The FTSE 100 declined after new data showed UK inflation reaching 9.1% in May. Photo: Victoria Jones / PA
European stocks fell on Wednesday as investors digested the latest inflation data that showed Britain’s life crisis worsened as consumer prices rose to their highest level since March 1982.
The FTSE 100 (^FTSE) fell 1.6% after the opening bell, France’s CAC (^FCHI) in Frankfurt fell 1.8% and the DAX (^GDXI) fell 2.2%.
The Consumer Price Index rose to 9.1% in May, according to the Office for National Statistics, from 9% the previous month and marks a new 40-year high.
The ONS said rising food and non-alcoholic beverage prices, compared to a year ago, pushed up last month’s inflation rate.
Read more: UK inflation has hit a 40-year high of 9.1%.
Prices rose 0.7% in the month alone, a slowdown from the 2.5% pace recorded in April when the 54% energy price cap came into force.
The retail price index, which is used to determine train ticket prices and for which some index-linked bonds are pegged, rose 11.7% – another 40-year high.
Large-scale inflation would put additional pressure on tightening the domestic budget, spur demand for wage increases to compensate for higher prices, and make it more difficult to resolve industrial disputes such as railway strikes.
The latest gauge put more pressure on the Bank of England to step up efforts to contain rising prices in the economy. Threadneedle Streets expects inflation to exceed 11% in October, which is significantly higher than other similar countries in the G7.
Susannah Streeter, senior investment and markets analyst at Hargreaves Lansdowne, said: “The Bank of England has already forecast inflation will reach 11% by autumn, and it continues to move toward that ugly marker.
“In contrast though interest rates were 13% in March 1982, today they are only 1.25%. With the economy sweating more, the Bank of England is under pressure to apply more cooler compresses. To quell demand and drive prices down.” To bring the interest rate increases continuously over the next few months.”
Sterling (GBPUSD=X) extended its decline against the dollar as Britain’s inflation nightmare deepened. The pound fell 0.8% to $1.218. It was down 0.2% against the euro (GBPEUR=X) at €1.16.
Analysts have said a “weakness in the pound” is not helping inflation and the UK economy, mainly due to the strengthening of the US dollar, which has pushed sterling down more than 12% in the past year.
Michael Hewson, chief market analyst at CMC Markets, said: “This is largely due to the growing aggression of the US central bank, which is exporting its own inflation problem to the rest of the world by rapidly raising rates in the coming months.” determined to do.

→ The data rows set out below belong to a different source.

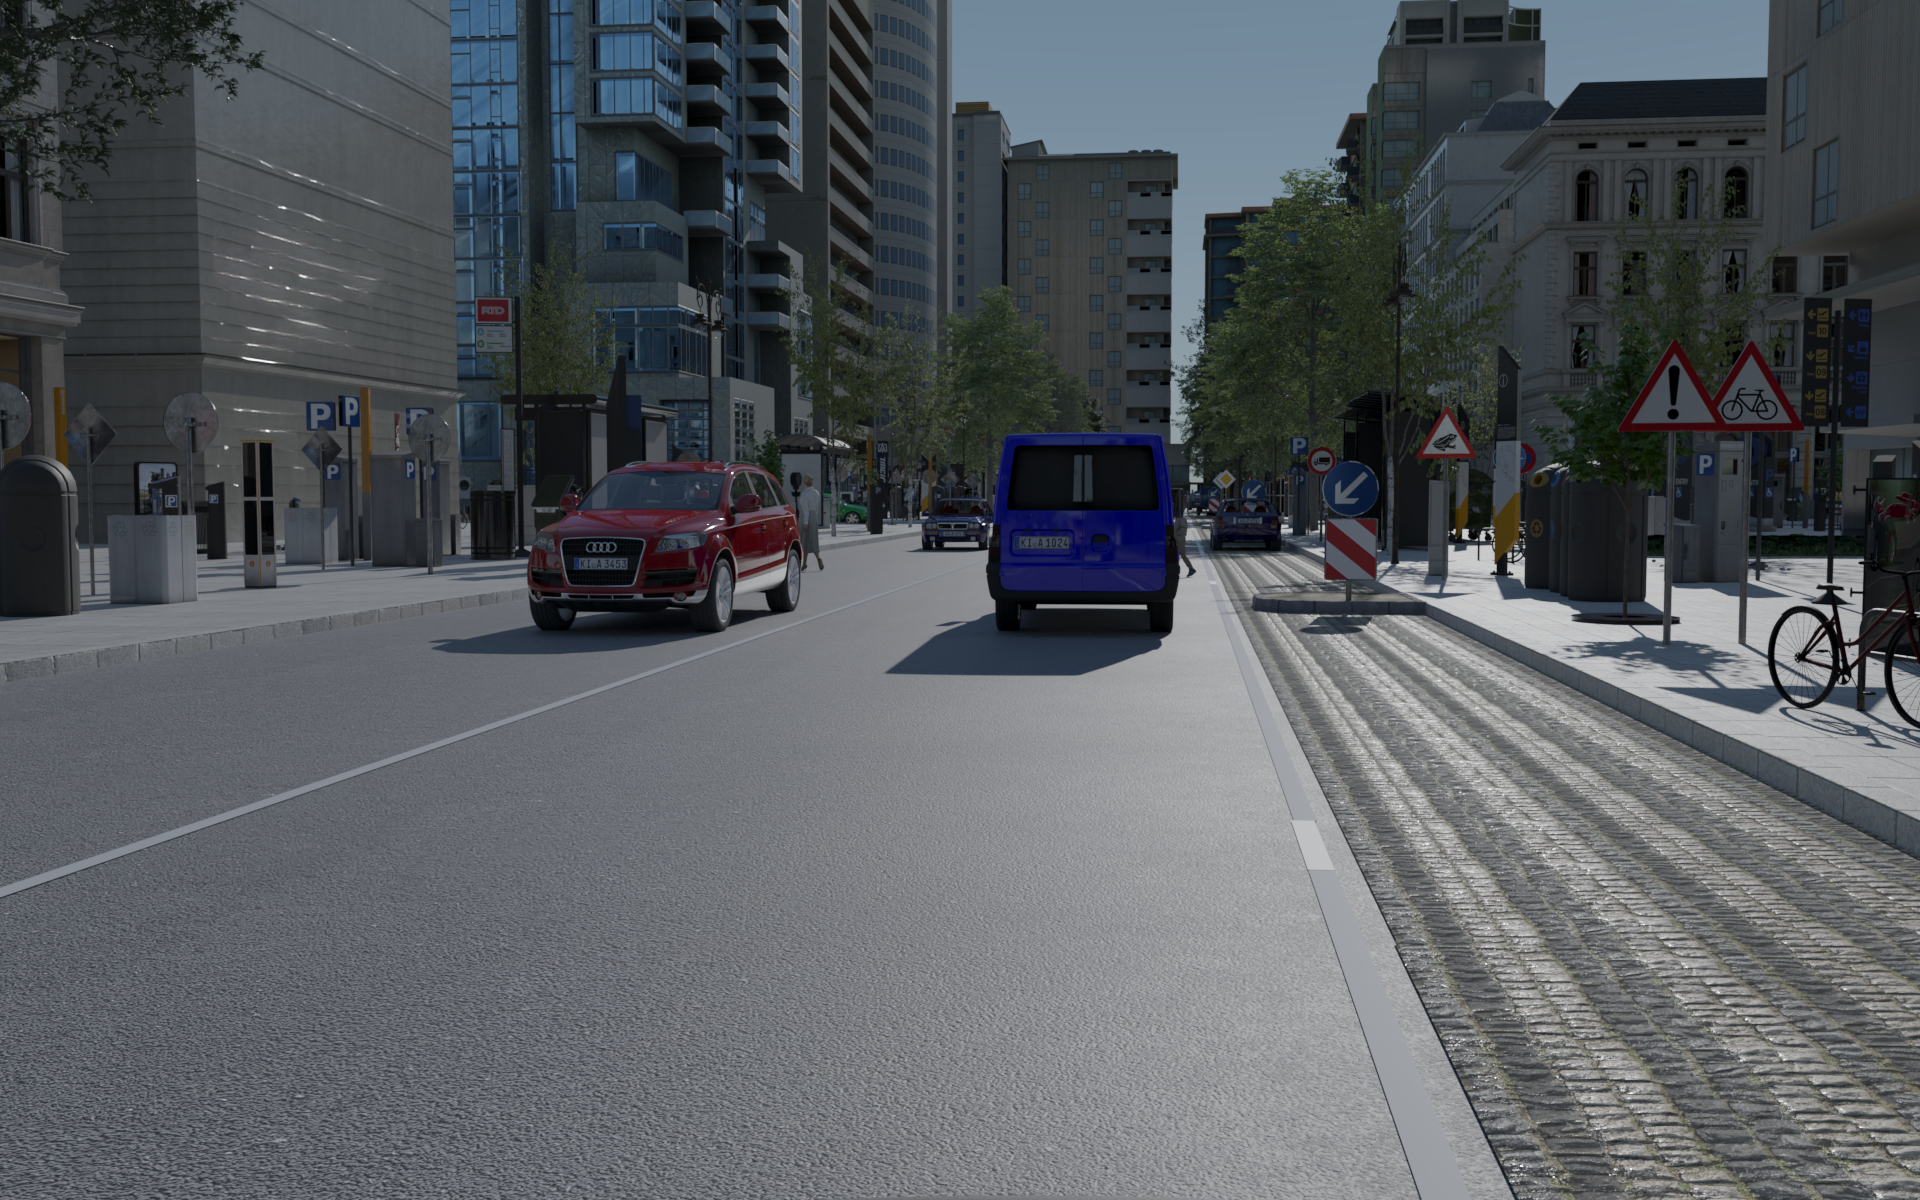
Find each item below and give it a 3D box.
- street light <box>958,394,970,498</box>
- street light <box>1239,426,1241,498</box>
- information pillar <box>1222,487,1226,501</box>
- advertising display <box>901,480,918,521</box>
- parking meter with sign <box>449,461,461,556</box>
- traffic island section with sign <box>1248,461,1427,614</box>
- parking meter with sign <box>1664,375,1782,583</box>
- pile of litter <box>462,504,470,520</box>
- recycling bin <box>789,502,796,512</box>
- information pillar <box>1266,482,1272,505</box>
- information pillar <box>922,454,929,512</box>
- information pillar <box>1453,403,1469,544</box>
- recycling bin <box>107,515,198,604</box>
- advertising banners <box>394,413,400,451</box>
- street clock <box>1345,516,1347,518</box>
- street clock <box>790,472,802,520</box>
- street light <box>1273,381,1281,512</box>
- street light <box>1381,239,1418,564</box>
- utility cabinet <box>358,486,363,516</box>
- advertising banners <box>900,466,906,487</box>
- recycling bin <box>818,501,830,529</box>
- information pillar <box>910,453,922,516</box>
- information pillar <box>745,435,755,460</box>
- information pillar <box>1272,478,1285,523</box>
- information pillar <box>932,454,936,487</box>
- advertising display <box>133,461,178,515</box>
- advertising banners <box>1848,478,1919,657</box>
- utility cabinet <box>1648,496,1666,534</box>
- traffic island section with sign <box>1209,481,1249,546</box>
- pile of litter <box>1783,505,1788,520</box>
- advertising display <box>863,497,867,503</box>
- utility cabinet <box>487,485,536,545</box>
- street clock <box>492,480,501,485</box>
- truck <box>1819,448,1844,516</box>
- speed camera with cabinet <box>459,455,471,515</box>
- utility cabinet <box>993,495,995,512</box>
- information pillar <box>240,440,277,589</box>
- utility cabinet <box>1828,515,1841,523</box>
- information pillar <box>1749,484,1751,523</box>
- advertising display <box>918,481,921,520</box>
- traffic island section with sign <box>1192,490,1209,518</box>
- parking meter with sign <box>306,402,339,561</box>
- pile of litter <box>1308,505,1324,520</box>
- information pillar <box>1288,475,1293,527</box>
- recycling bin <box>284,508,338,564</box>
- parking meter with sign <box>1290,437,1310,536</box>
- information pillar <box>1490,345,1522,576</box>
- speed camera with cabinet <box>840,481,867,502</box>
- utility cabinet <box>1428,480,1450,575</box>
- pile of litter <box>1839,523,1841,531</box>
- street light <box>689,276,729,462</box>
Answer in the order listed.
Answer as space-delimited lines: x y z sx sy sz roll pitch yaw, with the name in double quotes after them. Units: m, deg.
0.173 -6.572 80.233 0.468 5.910 1.993 0 4 7 "street light"
18.298 -8.593 113.283 0.468 5.910 1.993 0 4 7 "street light"
22.486 -8.775 147.964 0.304 2.012 0.304 -2 4 -30 "information pillar"
-2.455 -4.725 82.463 0.123 1.923 0.974 2 4 34 "advertising display"
-10.828 -2.418 35.800 0.543 3.016 1.738 0 4 4 "parking meter with sign"
4.666 -0.789 21.525 1.989 1.847 2.006 0 4 7 "traffic island section with sign"
11.074 -1.772 25.240 1.738 3.016 0.543 -2 4 -25 "parking meter with sign"
-24.164 -4.327 84.712 1.176 0.858 1.719 -1 4 -20 "pile of litter"
-6.435 -3.075 62.833 0.722 1.027 0.722 -2 4 -32 "recycling bin"
18.800 -6.155 105.129 0.304 2.012 0.304 -2 4 -34 "information pillar"
-2.016 -6.681 100.588 0.504 3.616 0.183 1 4 17 "information pillar"
13.043 -3.280 44.985 0.504 3.616 0.183 -3 5 -44 "information pillar"
-9.542 -0.485 20.487 0.722 1.027 0.722 0 4 6 "recycling bin"
-12.080 -2.483 36.786 0.090 3.025 2.074 0 4 -7 "advertising banners"
9.142 -2.212 40.744 0.358 2.002 0.471 1 4 15 "street clock"
-5.438 -3.235 57.459 0.358 2.002 0.471 1 4 19 "street clock"
12.708 -5.930 69.746 0.468 5.910 1.993 0 4 7 "street light"
7.998 -3.601 31.666 0.468 5.910 1.993 0 4 7 "street light"
-15.865 -2.301 46.299 1.173 1.500 0.318 -3 4 -36 "utility cabinet"
-4.266 -6.955 109.905 2.074 3.025 0.090 2 4 26 "advertising banners"
-5.296 -3.159 64.204 0.722 1.027 0.722 -3 5 -43 "recycling bin"
-2.566 -6.512 97.832 0.504 3.616 0.183 2 4 29 "information pillar"
-8.353 -4.742 68.892 0.504 3.616 0.183 3 5 43 "information pillar"
14.327 -4.469 77.562 0.304 2.012 0.304 -3 5 -44 "information pillar"
-1.620 -6.736 101.486 0.504 3.616 0.183 -3 4 -36 "information pillar"
-15.981 -1.789 34.464 0.123 1.923 0.974 2 4 23 "advertising display"
8.001 -1.044 13.258 2.074 3.025 0.090 3 4 37 "advertising banners"
20.666 -2.477 51.668 0.306 1.237 1.020 3 5 40 "utility cabinet"
8.070 -2.434 48.423 1.989 1.847 2.006 0 4 7 "traffic island section with sign"
40.847 -4.438 86.519 1.719 0.858 1.176 3 5 45 "pile of litter"
-8.084 -8.528 144.652 0.974 1.923 0.123 0 4 2 "advertising display"
-11.172 -2.112 43.206 1.173 1.500 0.318 -1 4 -12 "utility cabinet"
-23.719 -5.148 88.733 0.471 2.002 0.358 -2 4 -34 "street clock"
39.923 -4.620 71.468 9.791 3.379 3.469 0 4 5 "truck"
-25.804 -5.697 87.487 2.038 3.252 0.660 -3 4 -38 "speed camera with cabinet"
2.406 -5.464 100.499 1.020 1.237 0.306 0 4 -1 "utility cabinet"
-9.534 -1.166 23.551 0.304 2.012 0.304 1 4 23 "information pillar"
39.096 -4.015 76.815 1.020 1.237 0.306 1 4 16 "utility cabinet"
25.145 -3.122 55.544 0.304 2.012 0.304 1 4 12 "information pillar"
-2.086 -4.908 85.467 0.123 1.923 0.974 -1 4 -13 "advertising display"
14.987 -5.775 103.043 1.989 1.847 2.006 0 4 7 "traffic island section with sign"
-11.991 -2.284 33.606 0.543 3.016 1.738 0 4 5 "parking meter with sign"
17.751 -4.453 86.764 1.719 0.858 1.176 0 4 3 "pile of litter"
12.912 -3.824 67.019 0.304 2.012 0.304 -3 5 -44 "information pillar"
-11.951 -1.184 31.907 0.722 1.027 0.722 0 4 3 "recycling bin"
10.576 -3.510 53.644 0.543 3.016 1.738 1 4 17 "parking meter with sign"
8.588 -2.190 27.166 0.183 3.616 0.504 -1 4 -22 "information pillar"
-7.314 -7.598 118.562 2.038 3.252 0.660 -1 4 -16 "speed camera with cabinet"
7.652 -1.161 27.656 0.318 1.500 1.173 1 4 14 "utility cabinet"
30.958 -2.783 59.462 1.719 0.858 1.176 -1 4 -15 "pile of litter"
-5.312 -3.917 36.836 0.468 5.910 1.993 0 4 7 "street light"
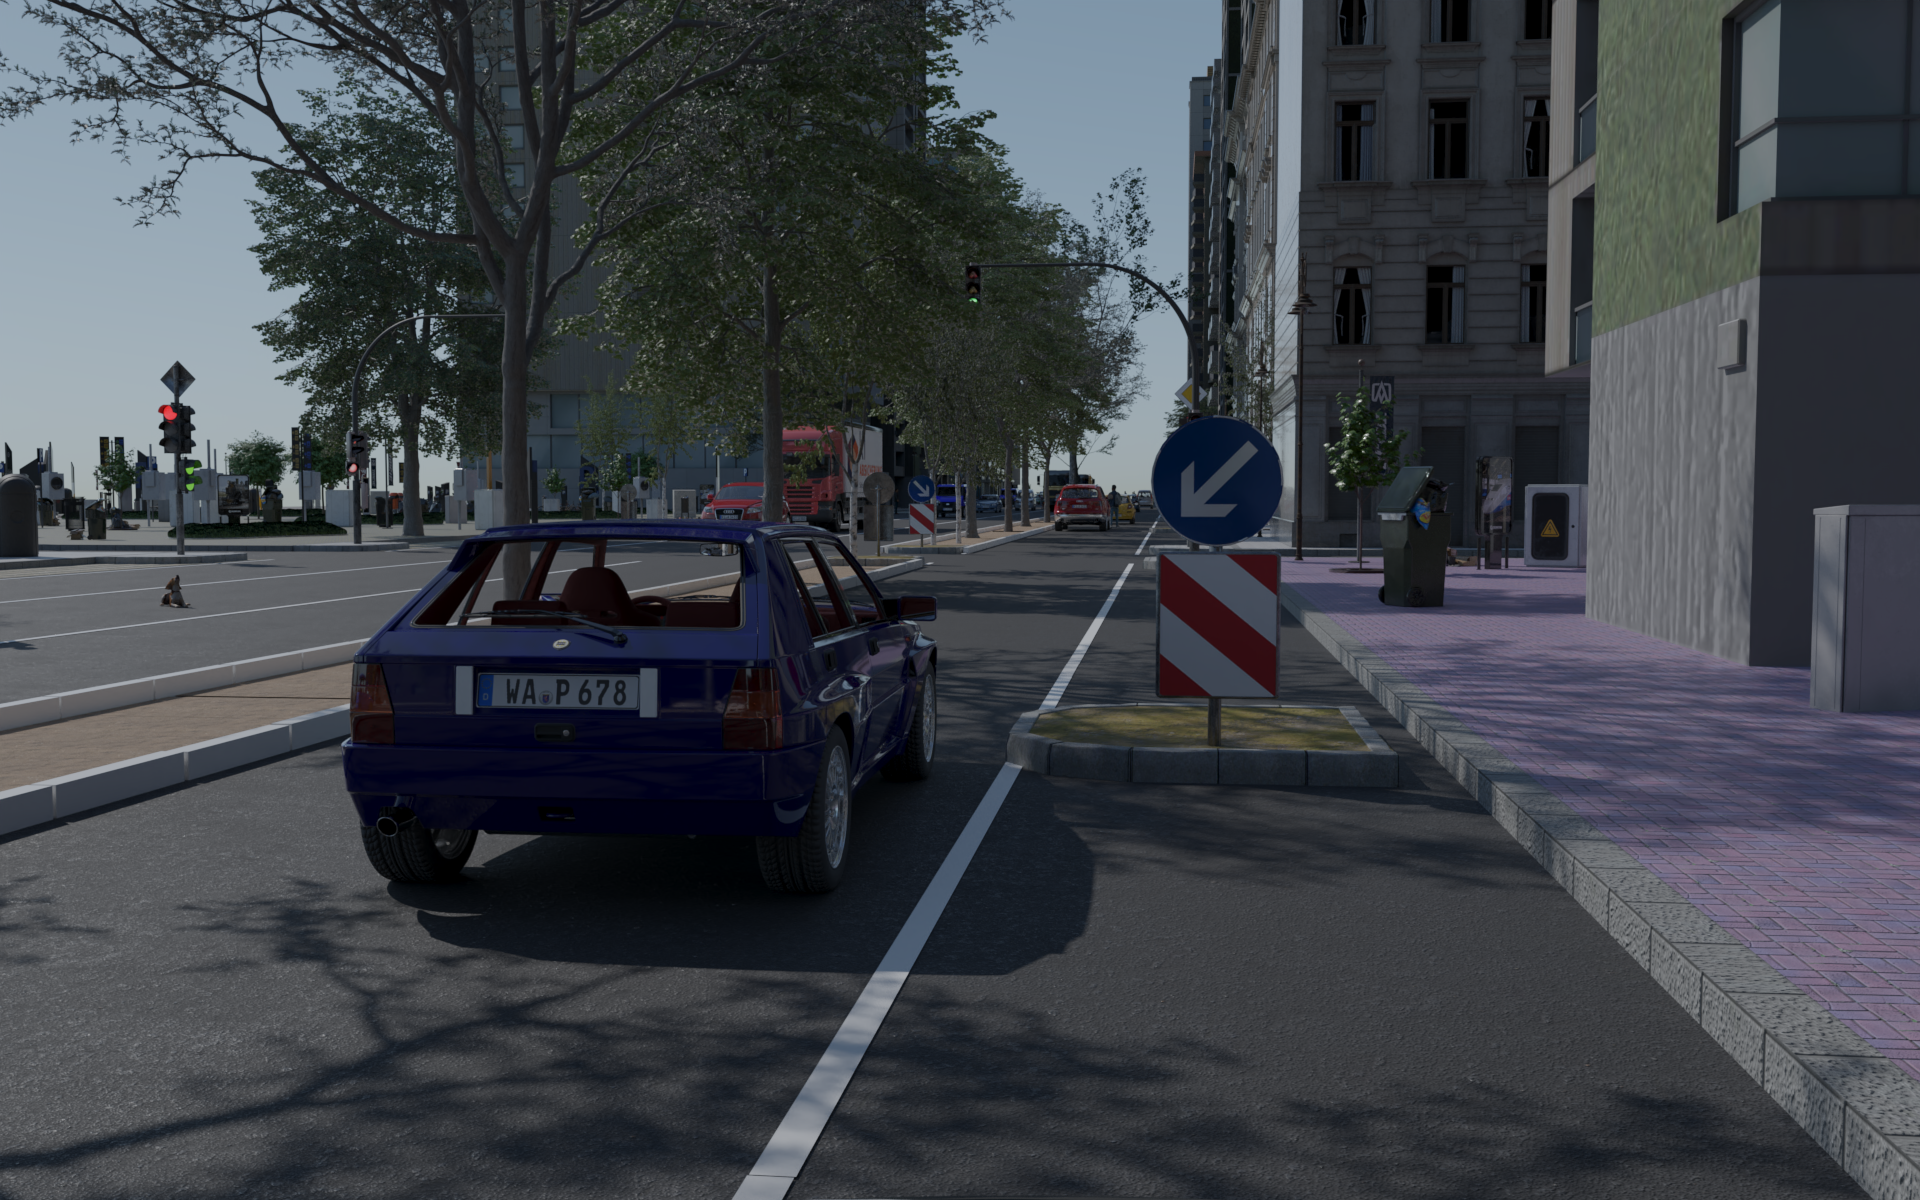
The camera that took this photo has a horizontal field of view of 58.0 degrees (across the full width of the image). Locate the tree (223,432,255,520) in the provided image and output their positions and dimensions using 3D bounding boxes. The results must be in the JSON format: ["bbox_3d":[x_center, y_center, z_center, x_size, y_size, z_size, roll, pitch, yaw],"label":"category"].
[{"bbox_3d":[-35.541,-6.367,87.814,4.285,4.588,4.351,0,3,0],"label":"tree"}]

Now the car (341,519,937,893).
[{"bbox_3d":[-1.131,0.302,7.648,1.945,1.354,3.894,0,4,7],"label":"car"}]

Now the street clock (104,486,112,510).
[{"bbox_3d":[-45.290,-5.358,92.174,0.471,2.002,0.358,-3,5,-43],"label":"street clock"}]

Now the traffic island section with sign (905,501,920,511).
[{"bbox_3d":[-3.435,-8.201,142.715,1.989,1.847,2.006,0,4,7],"label":"traffic island section with sign"}]

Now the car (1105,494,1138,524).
[{"bbox_3d":[7.580,-4.483,83.513,2.015,1.641,3.980,0,4,7],"label":"car"}]

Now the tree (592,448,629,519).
[{"bbox_3d":[-14.189,-4.741,72.113,1.663,3.219,1.824,0,3,0],"label":"tree"}]

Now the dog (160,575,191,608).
[{"bbox_3d":[-9.976,-0.119,22.140,0.550,0.427,0.748,0,4,5],"label":"dog"}]

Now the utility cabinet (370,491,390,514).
[{"bbox_3d":[-36.944,-6.218,110.347,1.173,1.500,0.318,-1,4,-20],"label":"utility cabinet"}]

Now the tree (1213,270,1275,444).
[{"bbox_3d":[10.221,-6.418,55.290,4.360,8.622,3.978,0,3,0],"label":"tree"}]

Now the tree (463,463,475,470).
[{"bbox_3d":[-30.148,-6.790,105.623,1.663,3.219,1.824,0,3,0],"label":"tree"}]

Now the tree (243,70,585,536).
[{"bbox_3d":[-16.775,-8.955,53.068,9.857,13.997,8.962,0,3,0],"label":"tree"}]

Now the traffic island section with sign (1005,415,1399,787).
[{"bbox_3d":[1.283,-0.054,9.515,1.989,1.847,2.006,0,4,7],"label":"traffic island section with sign"}]

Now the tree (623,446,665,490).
[{"bbox_3d":[-21.620,-8.165,117.217,4.285,4.588,4.351,0,3,0],"label":"tree"}]

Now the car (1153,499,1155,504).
[{"bbox_3d":[27.335,-14.710,250.733,2.015,1.641,3.980,0,4,5],"label":"car"}]

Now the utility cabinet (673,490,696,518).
[{"bbox_3d":[-14.551,-5.065,91.493,1.173,1.500,0.318,-2,4,-23],"label":"utility cabinet"}]

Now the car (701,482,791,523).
[{"bbox_3d":[-6.710,-2.817,54.734,2.281,1.827,5.304,0,4,6],"label":"car"}]

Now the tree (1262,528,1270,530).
[{"bbox_3d":[11.141,-4.090,61.472,1.663,3.219,1.824,0,3,0],"label":"tree"}]

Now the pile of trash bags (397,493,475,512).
[{"bbox_3d":[-26.575,-4.813,88.446,3.447,1.369,1.912,-3,5,-39],"label":"pile of trash bags"}]

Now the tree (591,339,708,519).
[{"bbox_3d":[-13.283,-7.834,78.441,4.737,8.622,4.395,0,3,0],"label":"tree"}]

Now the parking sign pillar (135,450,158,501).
[{"bbox_3d":[-49.524,-7.155,105.458,1.447,3.967,1.447,1,4,11],"label":"parking sign pillar"}]

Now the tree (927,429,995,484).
[{"bbox_3d":[0.298,-15.842,193.436,8.767,10.594,7.601,0,4,7],"label":"tree"}]

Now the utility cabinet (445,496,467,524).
[{"bbox_3d":[-22.005,-3.942,75.617,0.306,1.237,1.020,2,4,30],"label":"utility cabinet"}]

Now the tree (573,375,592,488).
[{"bbox_3d":[-21.040,-9.290,102.258,4.737,8.622,4.395,0,3,0],"label":"tree"}]

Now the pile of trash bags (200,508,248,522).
[{"bbox_3d":[-34.168,-4.223,78.794,1.912,1.369,3.447,0,4,-2],"label":"pile of trash bags"}]

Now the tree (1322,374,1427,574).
[{"bbox_3d":[6.473,-2.056,28.221,1.663,3.219,1.824,0,3,0],"label":"tree"}]

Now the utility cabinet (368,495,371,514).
[{"bbox_3d":[-38.035,-6.165,111.951,0.306,1.237,1.020,0,4,3],"label":"utility cabinet"}]

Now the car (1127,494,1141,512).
[{"bbox_3d":[13.513,-7.747,138.668,2.014,1.417,4.499,0,4,7],"label":"car"}]

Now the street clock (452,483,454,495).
[{"bbox_3d":[-33.419,-6.726,114.539,0.358,2.002,0.471,-2,4,-24],"label":"street clock"}]

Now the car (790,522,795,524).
[{"bbox_3d":[-8.702,-4.044,78.480,2.083,1.381,4.827,0,4,6],"label":"car"}]

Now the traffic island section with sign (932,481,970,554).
[{"bbox_3d":[-0.840,-2.094,42.368,2.006,1.907,1.989,0,4,7],"label":"traffic island section with sign"}]

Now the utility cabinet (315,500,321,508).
[{"bbox_3d":[-40.709,-6.183,109.772,0.318,1.500,1.173,-1,4,-18],"label":"utility cabinet"}]

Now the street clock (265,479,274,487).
[{"bbox_3d":[-33.691,-4.891,84.540,0.358,2.002,0.471,0,4,3],"label":"street clock"}]

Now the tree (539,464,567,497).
[{"bbox_3d":[-25.769,-7.084,110.431,1.663,3.219,1.824,0,3,0],"label":"tree"}]

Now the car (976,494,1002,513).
[{"bbox_3d":[2.229,-7.424,133.383,2.014,1.417,4.499,0,4,7],"label":"car"}]

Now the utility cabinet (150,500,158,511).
[{"bbox_3d":[-44.580,-5.348,96.112,0.318,1.500,1.173,1,4,10],"label":"utility cabinet"}]

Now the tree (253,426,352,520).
[{"bbox_3d":[-28.933,-5.798,78.509,4.285,4.588,4.351,0,3,0],"label":"tree"}]

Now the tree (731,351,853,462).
[{"bbox_3d":[-10.710,-10.501,106.096,7.601,10.594,8.767,2,4,30],"label":"tree"}]

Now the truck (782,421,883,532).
[{"bbox_3d":[-5.232,-4.855,68.287,2.839,4.237,11.283,0,4,8],"label":"truck"}]

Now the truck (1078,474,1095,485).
[{"bbox_3d":[11.625,-10.649,170.032,3.469,3.379,9.791,0,4,6],"label":"truck"}]

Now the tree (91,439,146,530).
[{"bbox_3d":[-29.891,-4.083,61.355,1.663,3.219,1.824,0,3,0],"label":"tree"}]

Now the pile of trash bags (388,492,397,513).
[{"bbox_3d":[-30.397,-5.265,95.827,1.912,1.369,3.447,1,4,18],"label":"pile of trash bags"}]

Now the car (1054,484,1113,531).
[{"bbox_3d":[4.851,-3.640,68.191,2.281,1.827,5.304,0,4,7],"label":"car"}]

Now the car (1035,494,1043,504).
[{"bbox_3d":[10.173,-13.224,225.007,1.959,1.807,4.718,0,4,7],"label":"car"}]

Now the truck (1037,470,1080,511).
[{"bbox_3d":[8.237,-8.931,141.942,3.469,3.379,9.791,0,4,6],"label":"truck"}]

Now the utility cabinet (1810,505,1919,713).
[{"bbox_3d":[5.628,0.048,10.382,1.020,1.237,0.306,-1,4,-14],"label":"utility cabinet"}]

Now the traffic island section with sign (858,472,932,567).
[{"bbox_3d":[-1.753,-1.644,35.017,2.006,1.907,1.989,0,4,7],"label":"traffic island section with sign"}]

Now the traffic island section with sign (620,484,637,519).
[{"bbox_3d":[-12.814,-3.529,66.330,1.989,1.847,2.006,0,4,7],"label":"traffic island section with sign"}]

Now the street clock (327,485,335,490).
[{"bbox_3d":[-41.410,-6.695,114.034,0.471,2.002,0.358,-2,4,-31],"label":"street clock"}]

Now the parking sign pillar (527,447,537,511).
[{"bbox_3d":[-24.689,-6.796,99.591,1.447,3.967,1.447,-2,4,-28],"label":"parking sign pillar"}]

“No one is suggesting that the Bank of England matches Fed growth for growth, but they should at least try to keep the interest rate gap narrow while also dealing with the problems posed by a weakening pound. I must give the impression of being serious. As much as possible, if only to mitigate the inflationary impulse that is currently affecting energy staples first and foremost as well as food, which is priced in US dollars.”
Read more: Bank of England needs to follow Fed on rate hike to boost pound, says MPC member
Across the Atlantic, US benchmarks rallied on Tuesday after posting their worst week since March 2020, with bullish mood spreading across cryptocurrencies and growth stocks.
Markets were closed on Monday for the June twentieth federal holiday.
Wall Street’s S&P 500 (^GSPC) rose 89.95 points, or 2.5%, to 3764.79. The tech-heavy Nasdaq (^IXIC) gained 2.5%, while the Dow Jones (^DJI) closed 2.2% higher.
Asian stocks were in the red overnight, while the Nikkei (^N225) in Japan was down 0.4%, while the Hang Seng (^HSI) was down 2.3% in Hong Kong and the Shanghai Composite (000001.SS) lost 1.2%.
See: How does inflation affect interest rates?